Dann sollte sie wie im Auslieferungszustand sein, aber ob die Partitionen dann auch weg sind, weiss ich nicht.

Jetzt müsste man wissen, welche Partitionen du hast (hdaX, hdbX etc.) dann könnte man evtl. noch anders vorgehen.


----------



## MajorWindbeutel (24. Mai 2004)

Also hier am meinem PC hab ich nur eine Platte die ist demnach hda1 oder?

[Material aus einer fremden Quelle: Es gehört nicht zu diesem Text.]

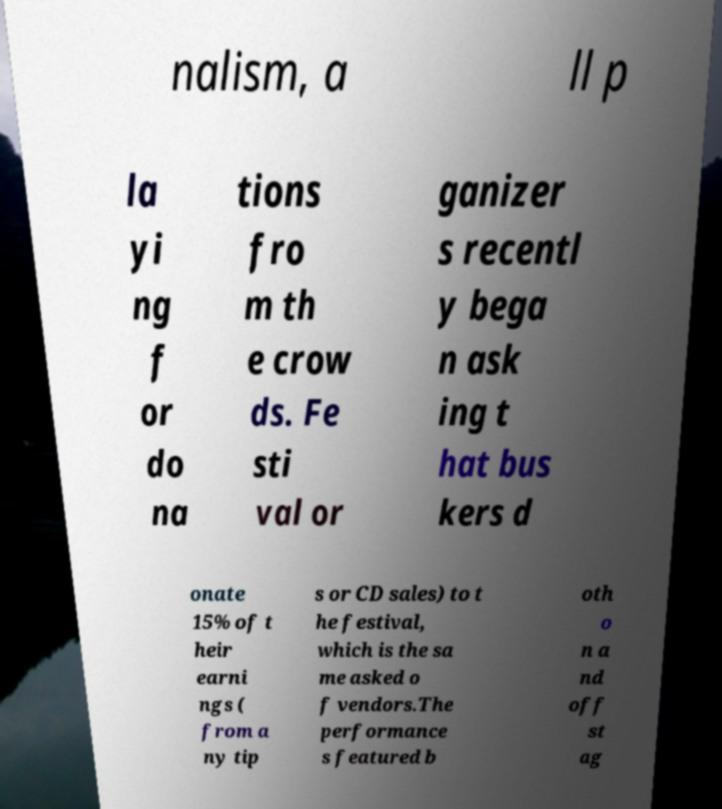For documentation purposes, I need the text within this image transcribed. Could you provide that? nalism, a ll p la yi ng f or do na tions fro m th e crow ds. Fe sti val or ganizer s recentl y bega n ask ing t hat bus kers d onate 15% of t heir earni ngs ( from a ny tip s or CD sales) to t he festival, which is the sa me asked o f vendors.The performance s featured b oth o n a nd off st ag

Mein Freund hat 2 Platte ohne Partionen Win auf hda und Linux auf hdb


----------



## MajorWindbeutel (24. Mai 2004)

So von meinem Pc hab ich Linux gelösct ich spiel ober will jetzt Knoppix installiren nur da ahb ich ein Problem ich bekomm ende nächster woche eine neue Festplatte die soll dann hda sein aber wenn ich Linux jetzt schon installiere muss ich das dann später nochmal neu installieren?

Oder kann man Linux so einstellen das er hdb ist? Und nicht mehr hda.


----------



## GFX-Händchen (24. Mai 2004)

Nee, wenn neue Platte hda sein soll, musst du es neu installen!
Knoppix auf die Platte, naja warum kein Suse 9.x ?! 

Wenn nur eine Platte hast, welche keine Partitionen hat, ist diese hda und nicht hda1 .


----------



## MajorWindbeutel (25. Mai 2004)

OK

welches Linux empfehlt ihr mir?


----------



## GFX-Händchen (25. Mai 2004)

> _Original geschrieben von MajorWindbeutel _
> *OK
> 
> welches Linux empfehlt ihr mir? *



Suse 9.x  - habe es selber und bin damit sehr zufrieden


----------



## MajorWindbeutel (25. Mai 2004)

Gut /9.0 hab gibt es ein Update auf 9.1?


----------



## GFX-Händchen (25. Mai 2004)

Ja es gibt auch ein Update - schau mal auf suse.de .
Die 9.0 reicht aber, da bei der 9.1 nicht viel geändert wurde.


----------